Every line of the entries below from the one containing "- measuring spoon [852,504,941,682]" to the one containing "- measuring spoon [1179,611,1242,738]", both ends included, must be written out exactly. No other line belongs in the answer.

• [Provided material]:
+--

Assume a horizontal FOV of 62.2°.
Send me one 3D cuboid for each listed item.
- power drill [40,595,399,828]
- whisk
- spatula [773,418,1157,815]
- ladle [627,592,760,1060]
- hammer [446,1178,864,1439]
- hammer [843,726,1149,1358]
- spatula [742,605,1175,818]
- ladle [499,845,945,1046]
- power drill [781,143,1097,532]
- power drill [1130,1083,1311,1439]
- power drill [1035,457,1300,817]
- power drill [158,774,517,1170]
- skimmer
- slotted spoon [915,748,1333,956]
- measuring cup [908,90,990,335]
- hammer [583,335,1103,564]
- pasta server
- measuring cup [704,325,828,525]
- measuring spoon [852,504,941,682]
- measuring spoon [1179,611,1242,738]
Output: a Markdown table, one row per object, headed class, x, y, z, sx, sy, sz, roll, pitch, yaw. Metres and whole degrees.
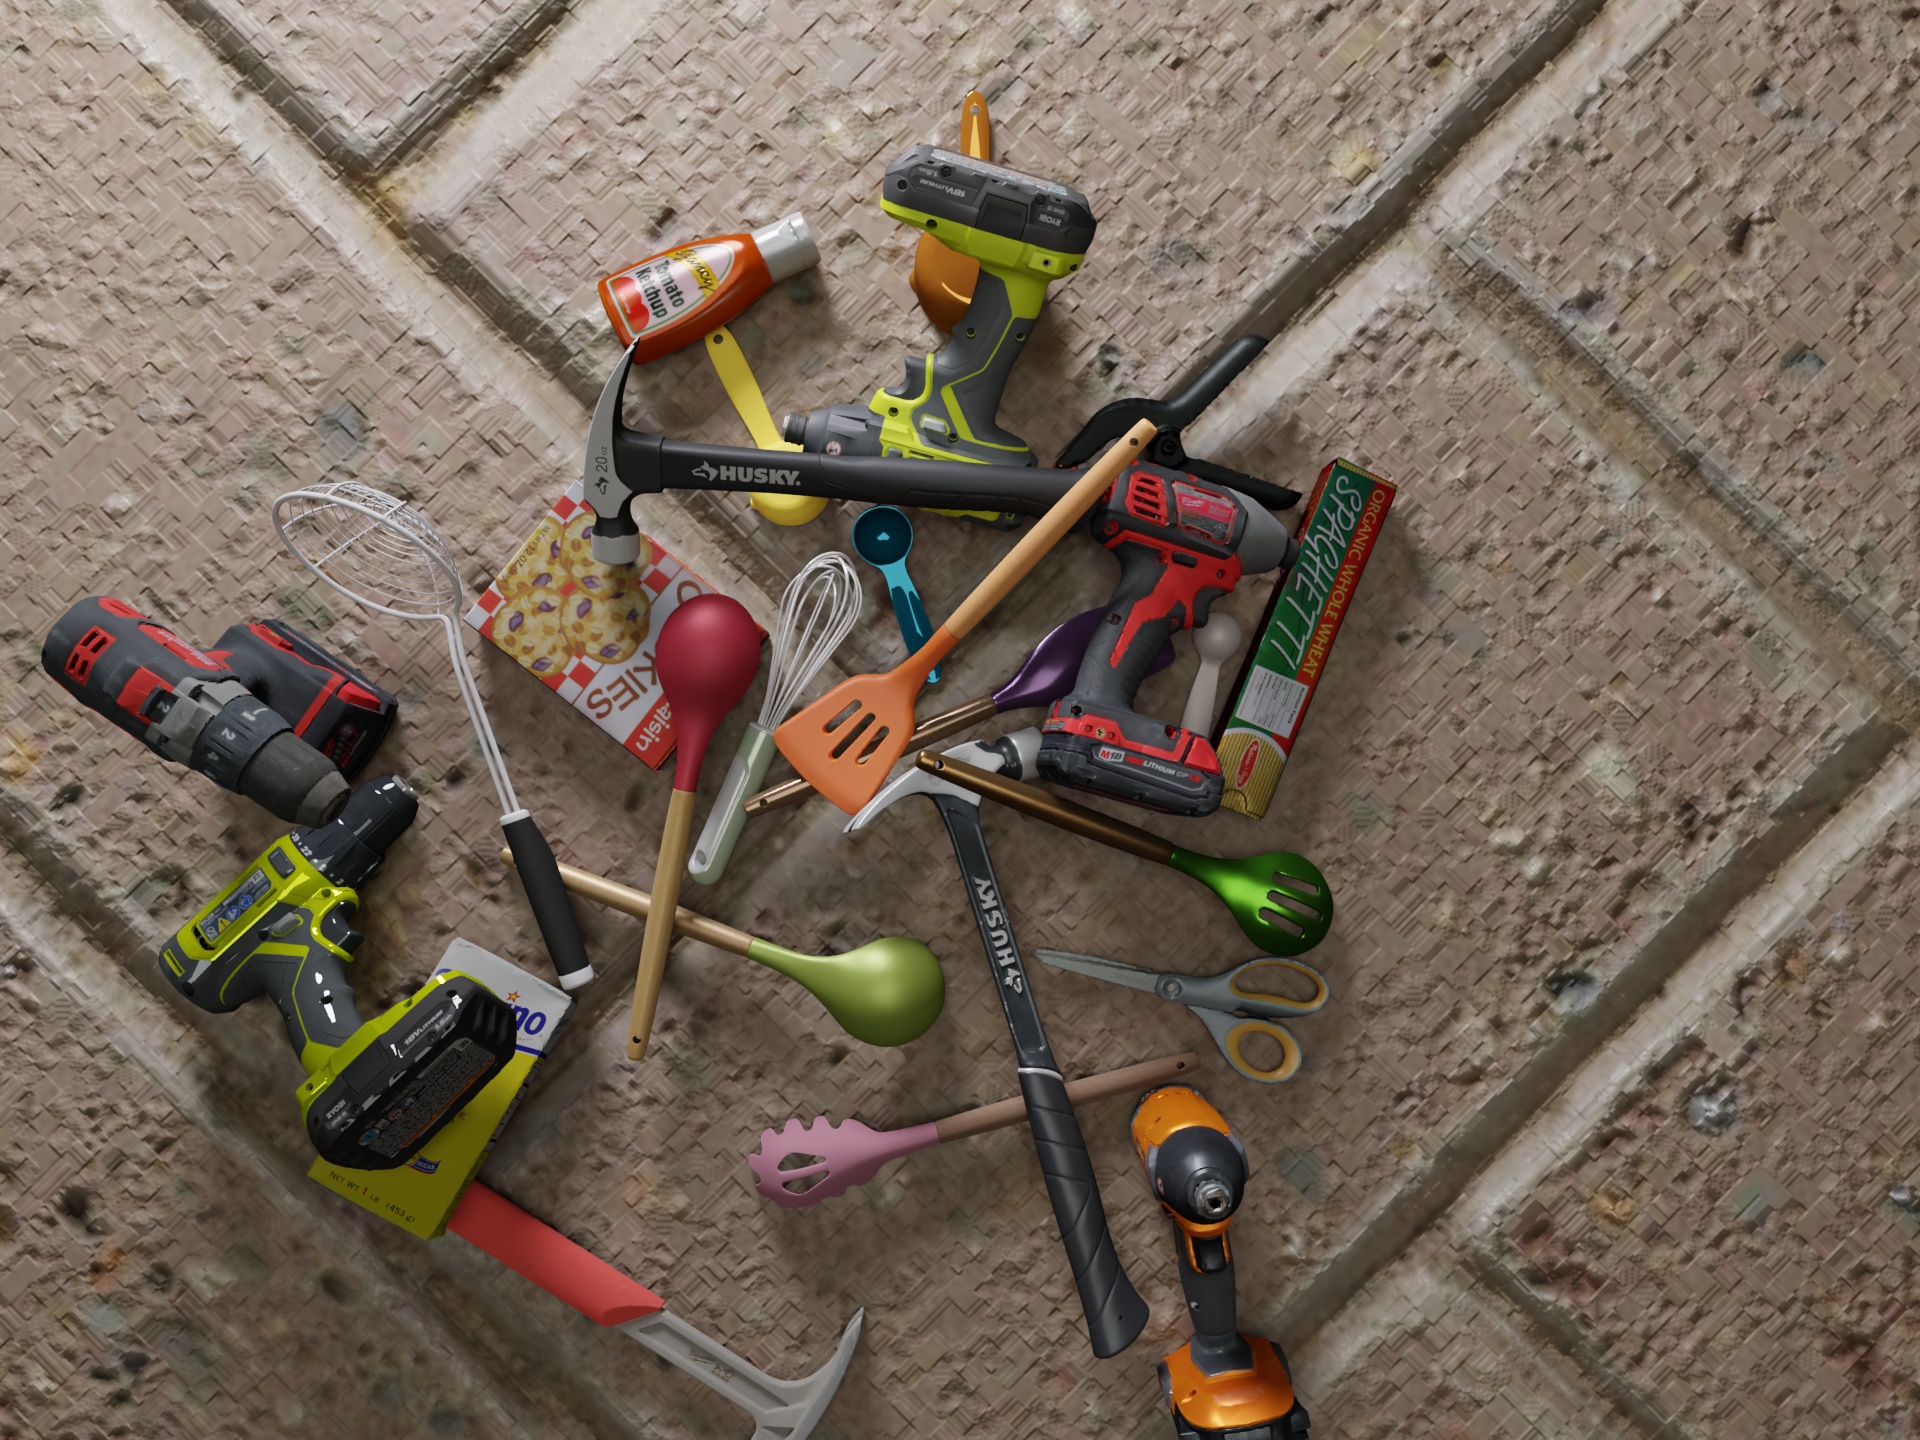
| class | x | y | z | sx | sy | sz | roll | pitch | yaw |
| --- | --- | --- | --- | --- | --- | --- | --- | --- | --- |
| power drill | -0.434 | 0.001 | 0.992 | 0.188 | 0.226 | 0.080 | 34 | 89 | 1 |
| whisk | -0.130 | -0.001 | 1.084 | 0.058 | 0.059 | 0.246 | 26 | 94 | 39 |
| spatula | 0.009 | -0.072 | 1.028 | 0.081 | 0.041 | 0.322 | 44 | 109 | -1 |
| ladle | -0.189 | 0.071 | 1.054 | 0.069 | 0.031 | 0.315 | 11 | 92 | -1 |
| hammer | -0.247 | 0.375 | 1.080 | 0.359 | 0.036 | 0.149 | 33 | 89 | 0 |
| hammer | 0.043 | 0.216 | 1.050 | 0.149 | 0.036 | 0.409 | -15 | 86 | -22 |
| spatula | -0.002 | -0.003 | 1.086 | 0.316 | 0.018 | 0.060 | -24 | 88 | -7 |
| ladle | -0.164 | 0.143 | 1.088 | 0.320 | 0.062 | 0.078 | 19 | 100 | 7 |
| power drill | -0.014 | -0.247 | 1.035 | 0.171 | 0.080 | 0.223 | 14 | 115 | -6 |
| power drill | 0.162 | 0.362 | 1.017 | 0.084 | 0.164 | 0.226 | -10 | 91 | -1 |
| power drill | 0.138 | -0.053 | 1.048 | 0.143 | 0.078 | 0.220 | 16 | 85 | -12 |
| power drill | -0.391 | 0.156 | 1.030 | 0.190 | 0.080 | 0.229 | -44 | 60 | -10 |
| skimmer | -0.339 | 0.016 | 1.041 | 0.090 | 0.127 | 0.363 | -23 | 95 | -44 |
| slotted spoon | 0.115 | 0.082 | 1.059 | 0.313 | 0.031 | 0.070 | 22 | 82 | -10 |
| measuring cup | 0.011 | -0.351 | 1.087 | 0.095 | 0.052 | 0.173 | -1 | 91 | 0 |
| hammer | -0.073 | -0.161 | 1.023 | 0.334 | 0.035 | 0.146 | 4 | 120 | -2 |
| pasta server | 0.010 | 0.273 | 1.088 | 0.316 | 0.040 | 0.060 | -15 | 89 | -4 |
| measuring cup | -0.140 | -0.208 | 1.096 | 0.062 | 0.029 | 0.156 | -27 | 89 | -1 |
| measuring spoon | -0.040 | -0.087 | 1.103 | 0.042 | 0.021 | 0.128 | -20 | 98 | -1 |
| measuring spoon | 0.168 | -0.014 | 1.097 | 0.034 | 0.018 | 0.124 | 14 | 90 | 0 |

+--

• [Final answer]:
- measuring spoon [852,504,941,682]
- measuring spoon [1179,611,1242,738]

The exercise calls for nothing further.